**Assignment**
Tally the lines below containing "track" and report only the total.

**Records shown**
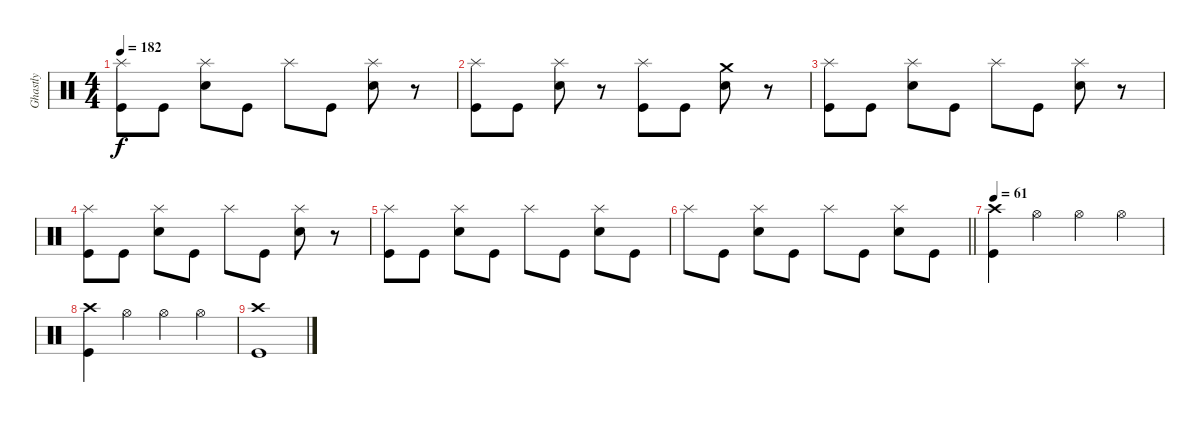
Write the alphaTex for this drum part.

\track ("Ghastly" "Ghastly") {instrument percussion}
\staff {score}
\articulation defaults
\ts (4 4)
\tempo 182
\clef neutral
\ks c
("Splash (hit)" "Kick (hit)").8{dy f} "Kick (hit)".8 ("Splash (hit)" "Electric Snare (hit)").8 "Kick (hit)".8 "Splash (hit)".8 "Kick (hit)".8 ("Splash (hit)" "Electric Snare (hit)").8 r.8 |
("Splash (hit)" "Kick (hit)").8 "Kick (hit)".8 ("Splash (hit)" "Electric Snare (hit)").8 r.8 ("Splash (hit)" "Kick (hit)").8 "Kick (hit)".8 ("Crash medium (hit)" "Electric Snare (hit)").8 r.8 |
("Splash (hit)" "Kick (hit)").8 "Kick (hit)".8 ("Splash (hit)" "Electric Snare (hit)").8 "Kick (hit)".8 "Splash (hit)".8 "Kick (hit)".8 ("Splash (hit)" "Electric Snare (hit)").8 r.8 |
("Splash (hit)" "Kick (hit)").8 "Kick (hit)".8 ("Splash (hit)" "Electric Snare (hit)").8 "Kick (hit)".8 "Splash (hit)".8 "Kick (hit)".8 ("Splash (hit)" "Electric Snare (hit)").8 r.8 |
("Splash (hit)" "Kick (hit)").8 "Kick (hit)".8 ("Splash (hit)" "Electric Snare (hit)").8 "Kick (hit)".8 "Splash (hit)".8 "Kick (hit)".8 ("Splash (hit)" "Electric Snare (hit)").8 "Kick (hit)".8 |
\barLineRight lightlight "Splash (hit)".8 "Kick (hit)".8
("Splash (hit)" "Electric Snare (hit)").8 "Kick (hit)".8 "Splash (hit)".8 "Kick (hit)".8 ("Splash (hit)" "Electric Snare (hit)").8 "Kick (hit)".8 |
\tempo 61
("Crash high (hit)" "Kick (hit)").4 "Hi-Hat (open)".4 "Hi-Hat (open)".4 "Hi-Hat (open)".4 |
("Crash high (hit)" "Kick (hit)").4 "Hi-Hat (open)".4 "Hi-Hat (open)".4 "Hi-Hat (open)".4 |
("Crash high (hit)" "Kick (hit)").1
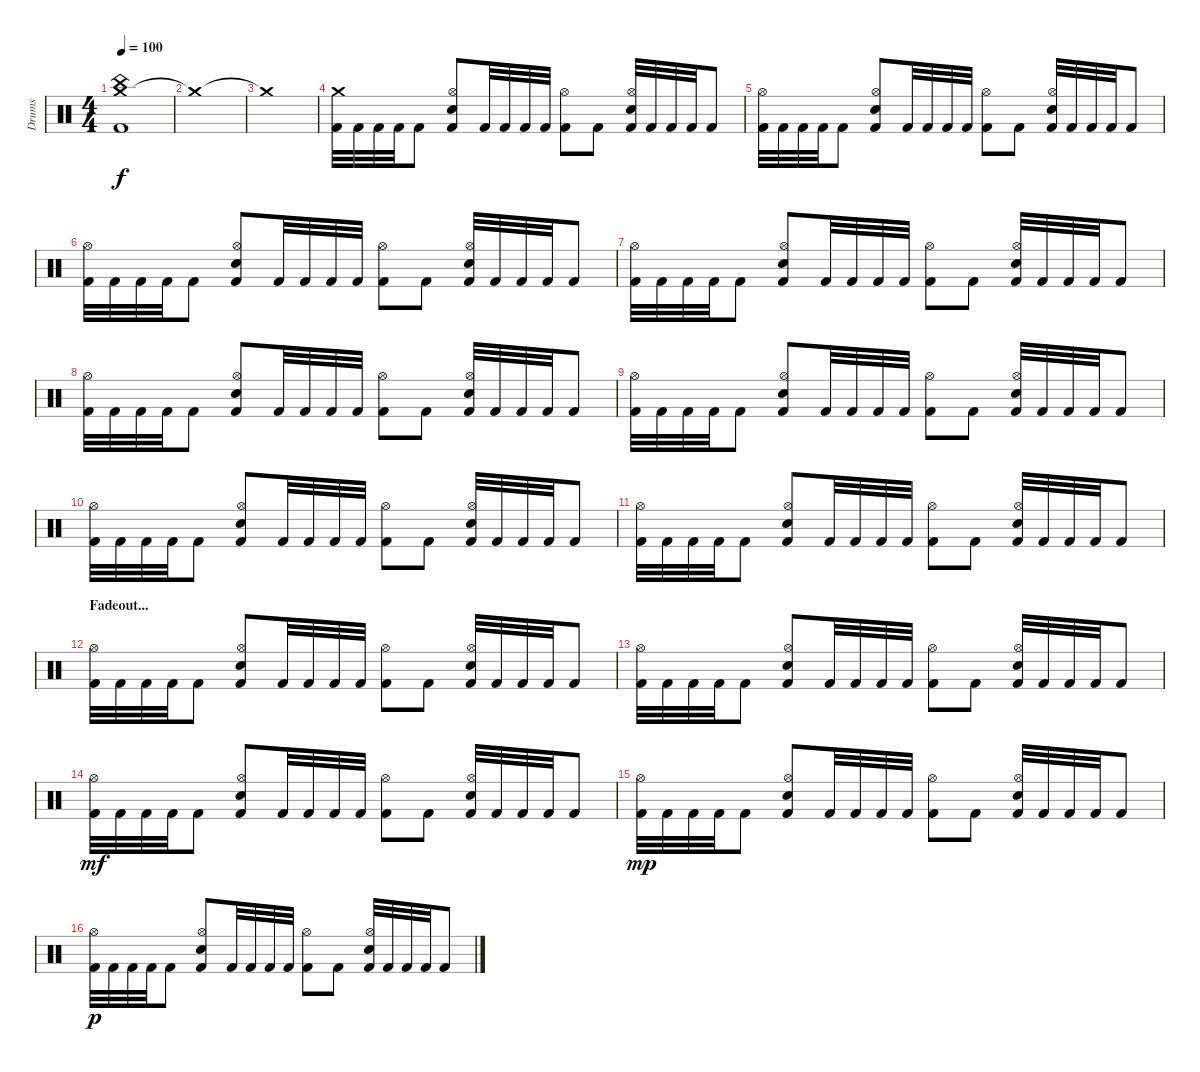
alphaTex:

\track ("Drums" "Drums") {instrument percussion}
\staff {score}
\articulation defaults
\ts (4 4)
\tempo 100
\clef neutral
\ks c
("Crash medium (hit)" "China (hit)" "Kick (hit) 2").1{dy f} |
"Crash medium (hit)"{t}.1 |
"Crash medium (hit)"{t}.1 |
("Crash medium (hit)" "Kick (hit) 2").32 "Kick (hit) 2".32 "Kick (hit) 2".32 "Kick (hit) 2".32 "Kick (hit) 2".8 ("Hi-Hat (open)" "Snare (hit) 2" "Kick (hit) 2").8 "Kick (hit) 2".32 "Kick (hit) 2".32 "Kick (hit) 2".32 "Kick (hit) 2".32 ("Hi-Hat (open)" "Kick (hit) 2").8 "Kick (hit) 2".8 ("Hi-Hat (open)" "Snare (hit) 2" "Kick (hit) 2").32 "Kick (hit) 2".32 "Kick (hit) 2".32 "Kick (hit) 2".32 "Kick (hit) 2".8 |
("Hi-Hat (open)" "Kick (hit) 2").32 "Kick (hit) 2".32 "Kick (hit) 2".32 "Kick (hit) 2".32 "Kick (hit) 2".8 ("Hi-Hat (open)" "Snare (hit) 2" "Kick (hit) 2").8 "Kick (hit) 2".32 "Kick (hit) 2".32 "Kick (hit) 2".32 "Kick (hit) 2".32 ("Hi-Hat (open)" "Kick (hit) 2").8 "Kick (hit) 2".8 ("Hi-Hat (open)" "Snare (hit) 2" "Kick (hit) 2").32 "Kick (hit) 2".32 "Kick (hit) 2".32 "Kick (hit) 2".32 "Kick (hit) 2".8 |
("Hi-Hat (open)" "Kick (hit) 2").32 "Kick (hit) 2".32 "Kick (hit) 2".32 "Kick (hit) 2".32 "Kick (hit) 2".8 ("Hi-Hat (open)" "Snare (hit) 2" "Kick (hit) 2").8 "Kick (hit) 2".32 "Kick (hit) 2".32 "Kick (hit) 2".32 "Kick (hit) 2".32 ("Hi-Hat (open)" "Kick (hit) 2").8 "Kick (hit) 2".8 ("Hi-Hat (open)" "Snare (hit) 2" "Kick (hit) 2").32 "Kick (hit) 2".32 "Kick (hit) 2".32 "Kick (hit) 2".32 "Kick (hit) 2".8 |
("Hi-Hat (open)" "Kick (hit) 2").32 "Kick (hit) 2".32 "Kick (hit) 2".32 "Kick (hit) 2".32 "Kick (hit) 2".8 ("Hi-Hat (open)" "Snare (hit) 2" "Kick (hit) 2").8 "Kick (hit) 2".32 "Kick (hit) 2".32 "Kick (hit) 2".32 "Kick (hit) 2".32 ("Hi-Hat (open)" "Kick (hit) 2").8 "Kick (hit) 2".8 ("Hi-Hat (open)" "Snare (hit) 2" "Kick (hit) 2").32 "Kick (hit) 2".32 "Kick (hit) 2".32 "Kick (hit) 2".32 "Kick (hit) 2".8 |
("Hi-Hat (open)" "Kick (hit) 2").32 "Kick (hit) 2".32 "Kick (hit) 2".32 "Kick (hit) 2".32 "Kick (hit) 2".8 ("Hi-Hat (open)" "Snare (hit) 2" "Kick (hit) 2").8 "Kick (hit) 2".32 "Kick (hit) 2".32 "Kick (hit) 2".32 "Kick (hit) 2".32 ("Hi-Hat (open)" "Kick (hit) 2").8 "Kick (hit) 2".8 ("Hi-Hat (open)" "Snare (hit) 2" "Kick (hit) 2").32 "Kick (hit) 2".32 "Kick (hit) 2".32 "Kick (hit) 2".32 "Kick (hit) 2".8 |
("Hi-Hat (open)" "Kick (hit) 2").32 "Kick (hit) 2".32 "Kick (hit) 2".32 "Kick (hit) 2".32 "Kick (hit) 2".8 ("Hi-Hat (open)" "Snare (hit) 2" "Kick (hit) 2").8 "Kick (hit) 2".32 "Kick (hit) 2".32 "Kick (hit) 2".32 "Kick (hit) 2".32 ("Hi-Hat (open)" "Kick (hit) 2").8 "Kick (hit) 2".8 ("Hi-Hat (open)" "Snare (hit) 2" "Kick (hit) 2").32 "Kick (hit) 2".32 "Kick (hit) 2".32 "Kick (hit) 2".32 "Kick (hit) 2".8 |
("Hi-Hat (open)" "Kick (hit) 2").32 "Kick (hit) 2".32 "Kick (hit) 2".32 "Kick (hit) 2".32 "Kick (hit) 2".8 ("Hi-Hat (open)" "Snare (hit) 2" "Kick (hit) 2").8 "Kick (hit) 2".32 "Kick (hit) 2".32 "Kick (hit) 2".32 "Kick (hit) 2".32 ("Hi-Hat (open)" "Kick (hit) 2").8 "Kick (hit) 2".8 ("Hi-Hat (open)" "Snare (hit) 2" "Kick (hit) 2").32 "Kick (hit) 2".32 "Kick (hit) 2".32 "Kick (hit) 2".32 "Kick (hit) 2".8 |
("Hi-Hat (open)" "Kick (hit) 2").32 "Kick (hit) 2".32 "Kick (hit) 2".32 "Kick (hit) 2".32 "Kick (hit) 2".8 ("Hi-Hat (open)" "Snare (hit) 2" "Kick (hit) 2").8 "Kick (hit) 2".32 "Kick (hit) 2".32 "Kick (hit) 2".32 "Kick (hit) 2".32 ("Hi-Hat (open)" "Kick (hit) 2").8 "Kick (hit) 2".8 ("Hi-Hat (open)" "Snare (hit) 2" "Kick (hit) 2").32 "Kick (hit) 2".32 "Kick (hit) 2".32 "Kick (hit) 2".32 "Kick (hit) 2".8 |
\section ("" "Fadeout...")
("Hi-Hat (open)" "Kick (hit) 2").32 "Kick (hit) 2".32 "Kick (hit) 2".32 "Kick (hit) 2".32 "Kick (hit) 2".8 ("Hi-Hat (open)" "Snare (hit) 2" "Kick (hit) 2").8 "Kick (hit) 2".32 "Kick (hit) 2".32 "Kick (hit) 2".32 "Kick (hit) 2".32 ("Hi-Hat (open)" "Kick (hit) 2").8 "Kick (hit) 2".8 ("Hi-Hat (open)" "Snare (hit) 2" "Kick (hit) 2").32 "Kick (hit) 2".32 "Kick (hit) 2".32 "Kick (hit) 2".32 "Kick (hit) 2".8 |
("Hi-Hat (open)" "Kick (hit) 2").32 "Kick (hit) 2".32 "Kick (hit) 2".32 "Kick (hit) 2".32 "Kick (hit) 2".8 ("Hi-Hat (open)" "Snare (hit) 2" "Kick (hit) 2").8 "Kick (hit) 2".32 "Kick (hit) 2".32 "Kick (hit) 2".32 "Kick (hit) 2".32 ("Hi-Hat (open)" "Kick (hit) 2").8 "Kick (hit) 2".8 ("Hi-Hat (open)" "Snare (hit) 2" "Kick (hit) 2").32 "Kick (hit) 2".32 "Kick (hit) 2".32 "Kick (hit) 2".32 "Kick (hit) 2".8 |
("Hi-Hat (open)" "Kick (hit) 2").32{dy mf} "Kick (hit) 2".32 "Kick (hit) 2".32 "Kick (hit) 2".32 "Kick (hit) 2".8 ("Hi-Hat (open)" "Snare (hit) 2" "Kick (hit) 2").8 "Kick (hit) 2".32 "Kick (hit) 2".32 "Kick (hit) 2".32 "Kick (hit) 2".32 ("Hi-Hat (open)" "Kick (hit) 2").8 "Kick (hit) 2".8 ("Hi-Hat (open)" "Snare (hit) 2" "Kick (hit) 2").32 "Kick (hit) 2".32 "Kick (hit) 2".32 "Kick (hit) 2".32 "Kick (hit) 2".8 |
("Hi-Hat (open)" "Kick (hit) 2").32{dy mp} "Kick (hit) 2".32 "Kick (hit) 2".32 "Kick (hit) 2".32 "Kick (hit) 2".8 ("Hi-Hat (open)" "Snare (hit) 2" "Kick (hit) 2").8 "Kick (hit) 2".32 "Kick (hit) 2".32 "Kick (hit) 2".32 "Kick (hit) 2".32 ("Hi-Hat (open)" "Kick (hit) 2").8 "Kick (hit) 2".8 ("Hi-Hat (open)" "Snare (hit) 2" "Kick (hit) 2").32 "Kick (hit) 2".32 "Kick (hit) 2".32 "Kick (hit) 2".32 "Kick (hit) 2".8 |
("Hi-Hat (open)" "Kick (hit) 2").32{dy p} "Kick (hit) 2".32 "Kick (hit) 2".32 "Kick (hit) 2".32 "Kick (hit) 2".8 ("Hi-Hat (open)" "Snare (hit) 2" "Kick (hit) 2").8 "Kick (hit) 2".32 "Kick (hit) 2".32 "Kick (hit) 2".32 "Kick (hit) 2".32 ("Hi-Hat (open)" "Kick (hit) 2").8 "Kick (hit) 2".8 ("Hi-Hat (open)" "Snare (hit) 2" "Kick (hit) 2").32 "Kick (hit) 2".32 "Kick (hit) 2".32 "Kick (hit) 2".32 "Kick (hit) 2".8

**Solution to this problem**
2